If for no reason other than the fact that they’re much more likely to forgive us than we are to forgive ourselves. We know that their true forgiveness is a prerequisite for our own forgiveness. And even then, it might not be enough.

The process of teshuva is a process in which we must engage. We must become better people. But we can do so while loving ourselves as well. The one relationship that we will never get away from is the relationship we have with ourselves. It becomes the basis for every relationship we ever have. If we’re judgmental of ourselves, we’ll be judgmental of others. If we’re critical or abusive of ourselves, we’ll criticize and abuse those around us.


Think about this for a second. How often do you look in the mirror? Most of us would say that we look in the mirror at least a couple of times a day. The problem is that whenever we look in the mirror, we are looking at what is wrong, what needs to be fixed. We poke and prod, we pull and flatten seeing all the flaws, but when was the last time you looked at yourself in the mirror and loved what you saw? When was the last time you (and I know some of you may laugh at this) said something nice to yourself?

Loving and being compassionate to yourself does not mean you can’t improve. Self-compassion is a prerequisite for positive change.

It’s our obligation as beings created in the divine image. It’s our burden.

And it’s our privilege. We get to improve. We get to become better versions of ourselves. And the only way to do that is through self-compassion. Some people worry that self-compassion is selfish, that if we’re nice to ourselves and like ourselves the way you are, then we won’t change. But the kinder we are to ourselves, the kinder we will be with others. Self-compassion is a cornerstone of positive relationships. The more judgmental and critical we are with ourselves, the more likely we’ll be judgmental and critical of others.

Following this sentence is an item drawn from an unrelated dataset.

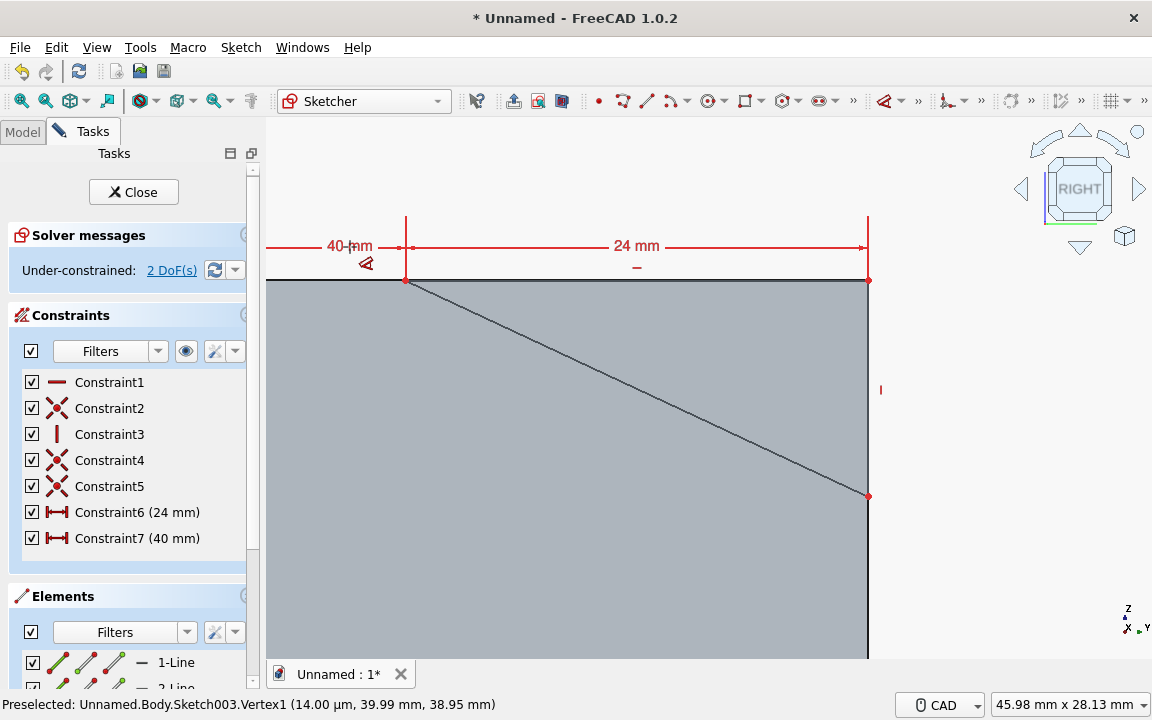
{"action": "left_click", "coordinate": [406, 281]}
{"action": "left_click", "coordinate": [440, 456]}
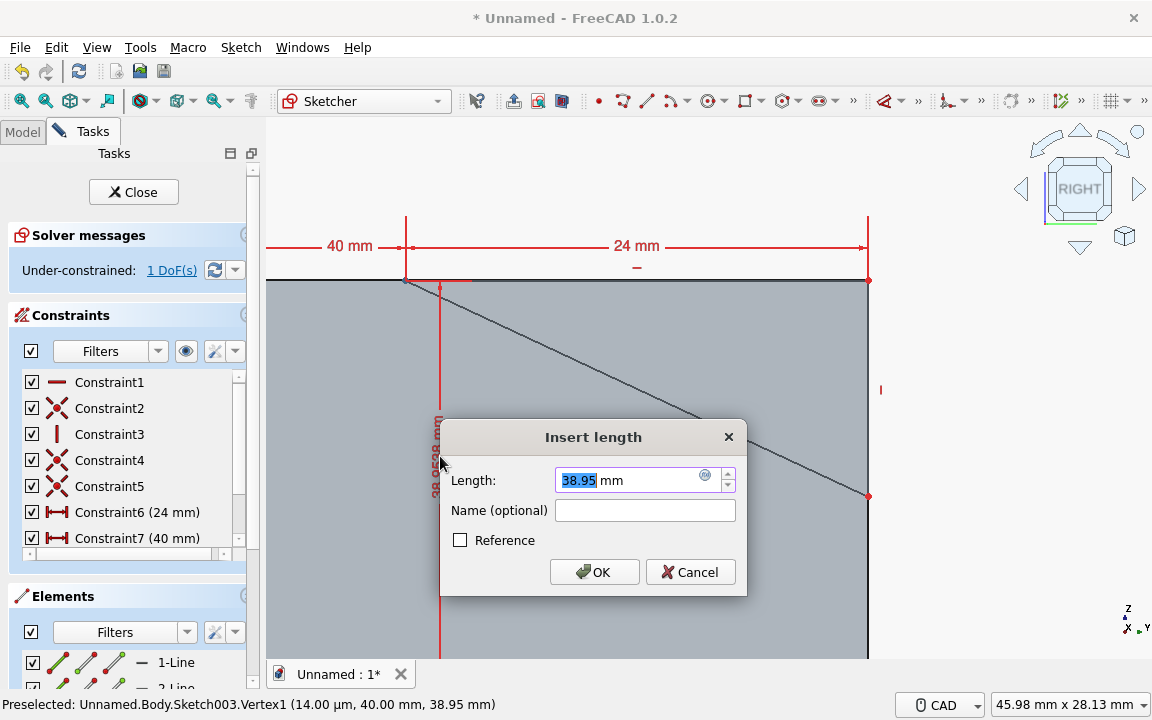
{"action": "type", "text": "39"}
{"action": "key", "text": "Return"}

In the words of Dr. Christopher Germer, “accepting our flaws doesn’t mean that our behavior can’t or shouldn’t change. Each of us has room to grow and grow we must.” But, he says, “We start by befriending who we are today, no matter how fumbling, incomplete, or clueless we are.”

It is my hope and prayer for all of us that over the next few days, we are blessed to experience the give and take of real forgiveness. May we learn from our mistakes, and compassionately guide ourselves back, may we do teshuva and return to the people we want to be.